Durante uns momentos, os dois homens observaram o empregado, com um braço atrás das costas e a mão a tremer, a servir o xerez com uma angustiante lentidão. Garrafa de prata, copos de cristal, amêndoas com sal.

— Li a entrevista que deste recentemente ao Times, muito boa — comentou o reitor, quando ficaram novamente a sós.

— Obrigado, Leo.

Seguiu-se um silêncio constrangido.

— Sabes que te admiro imenso — disse o reitor. — Temos sorte por podermos contar contigo como professor. E eu gostava muito da Anissa.

— Obrigado, mas não me chamaste para me falares sobre a minha falecida mulher — atalhou Azur. — Conheço-te há tempo suficiente para saber quando estás aborrecido. O que é que se passa, diz lá?
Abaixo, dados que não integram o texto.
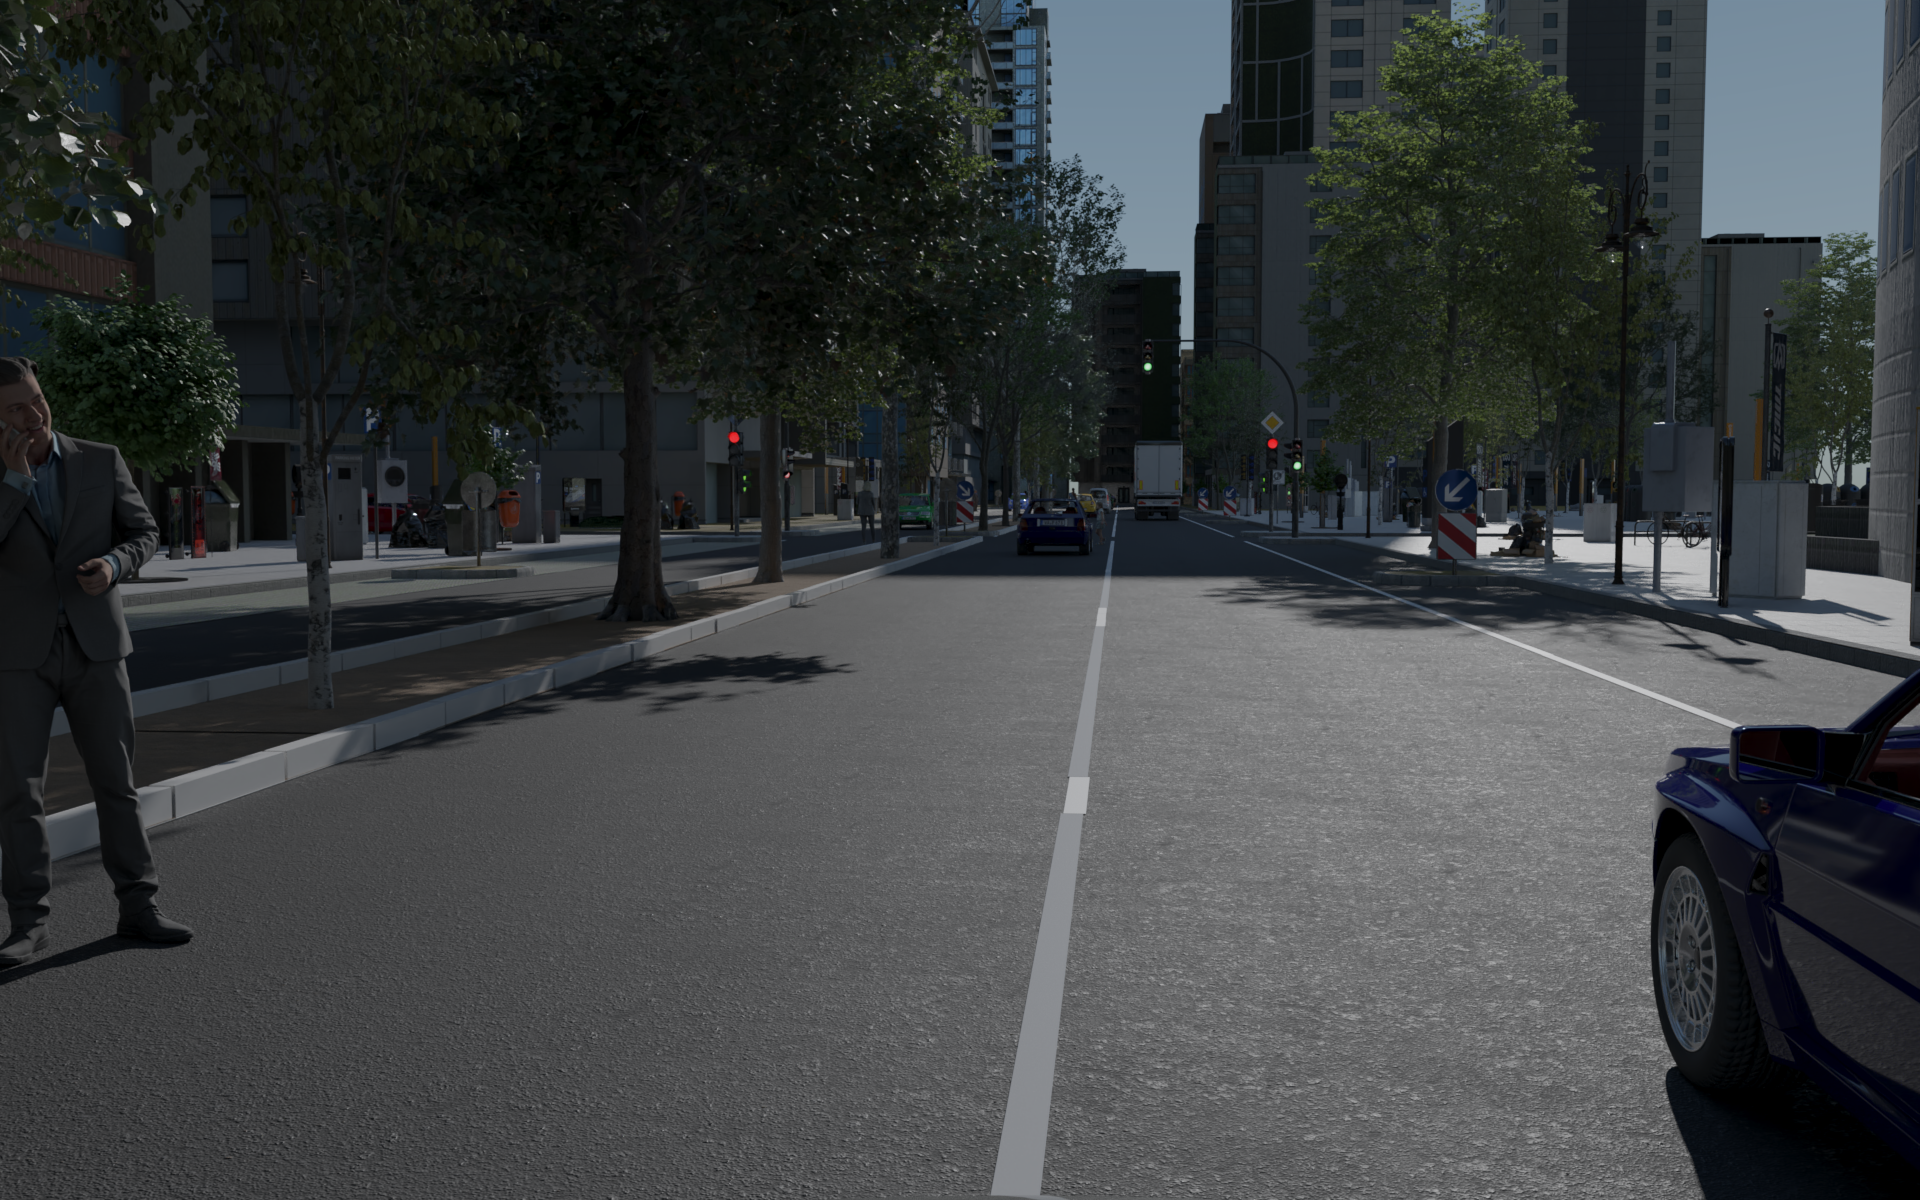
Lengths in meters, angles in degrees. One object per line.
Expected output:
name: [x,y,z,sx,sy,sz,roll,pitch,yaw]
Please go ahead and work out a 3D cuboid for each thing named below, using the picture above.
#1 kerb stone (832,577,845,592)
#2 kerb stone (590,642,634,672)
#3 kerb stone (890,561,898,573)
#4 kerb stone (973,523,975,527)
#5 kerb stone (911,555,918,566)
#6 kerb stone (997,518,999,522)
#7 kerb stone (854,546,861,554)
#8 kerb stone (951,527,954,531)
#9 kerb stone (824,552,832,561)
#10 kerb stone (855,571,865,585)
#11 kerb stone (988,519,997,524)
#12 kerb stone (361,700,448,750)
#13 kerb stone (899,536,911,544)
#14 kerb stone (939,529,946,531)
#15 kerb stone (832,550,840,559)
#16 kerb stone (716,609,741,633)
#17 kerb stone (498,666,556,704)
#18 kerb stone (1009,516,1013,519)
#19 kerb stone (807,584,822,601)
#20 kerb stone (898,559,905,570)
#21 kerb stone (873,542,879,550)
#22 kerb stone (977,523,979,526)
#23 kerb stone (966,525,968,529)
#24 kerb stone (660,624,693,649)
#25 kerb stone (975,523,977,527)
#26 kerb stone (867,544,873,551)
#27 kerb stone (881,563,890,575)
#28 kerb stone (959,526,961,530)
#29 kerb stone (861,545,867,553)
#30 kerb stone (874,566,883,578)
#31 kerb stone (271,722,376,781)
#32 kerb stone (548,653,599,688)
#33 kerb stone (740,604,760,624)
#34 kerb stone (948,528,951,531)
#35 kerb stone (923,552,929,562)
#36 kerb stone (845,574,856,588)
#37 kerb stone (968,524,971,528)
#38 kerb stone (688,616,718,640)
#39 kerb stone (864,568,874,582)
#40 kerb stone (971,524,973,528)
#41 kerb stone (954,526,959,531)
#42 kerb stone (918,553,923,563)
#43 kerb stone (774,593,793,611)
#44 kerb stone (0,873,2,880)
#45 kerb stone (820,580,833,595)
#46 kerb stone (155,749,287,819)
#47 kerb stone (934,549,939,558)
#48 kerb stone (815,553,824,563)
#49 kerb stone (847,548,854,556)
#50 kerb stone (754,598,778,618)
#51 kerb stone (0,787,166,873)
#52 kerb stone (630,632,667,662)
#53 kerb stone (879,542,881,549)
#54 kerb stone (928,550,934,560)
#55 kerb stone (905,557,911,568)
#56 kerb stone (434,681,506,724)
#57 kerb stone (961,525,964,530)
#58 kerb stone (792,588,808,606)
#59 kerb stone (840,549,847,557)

O reitor pegou nos seus blocos de post-its. Tinha-os ordenado por cores: os laranjas, os verdes, os rosas. Sem levantar os olhos para Azur, murmurou:

— Surgiram queixas acerca de ti.

Azur perscrutou o reitor: o cabelo grisalho nas têmporas, a testa enrugada, a contração nervosa da boca; os traços, sem tirar nem pôr, do funcionário da Tesouraria que em tempos foi.

— Não precisas de pôr paninhos quentes — disse.

— Não, claro que não. Nem me passaria pela cabeça fazê-lo. Sempre que foste atacado, e sabe Deus que isso já aconteceu umas quantas vezes… quer por causa das tuas opiniões quer devido ao teu estilo de ensino… Isto é, és popular, mas nem toda a gente gosta de ti, sabes disso certamente… Enfim, sempre te apoiei, este tempo todo.

— Eu sei — respondeu Azur calmamente.

O reitor construiu uma pequena torre com os blocos de post-its.

— Fiquei do teu lado, porque acreditava na tua integridade intelectual. Respeitava o teu empenho no conhecimento e na objetividade. — Um suspiro. — Porquê, pergunto-te eu, porque é que incomodaste tanta gente?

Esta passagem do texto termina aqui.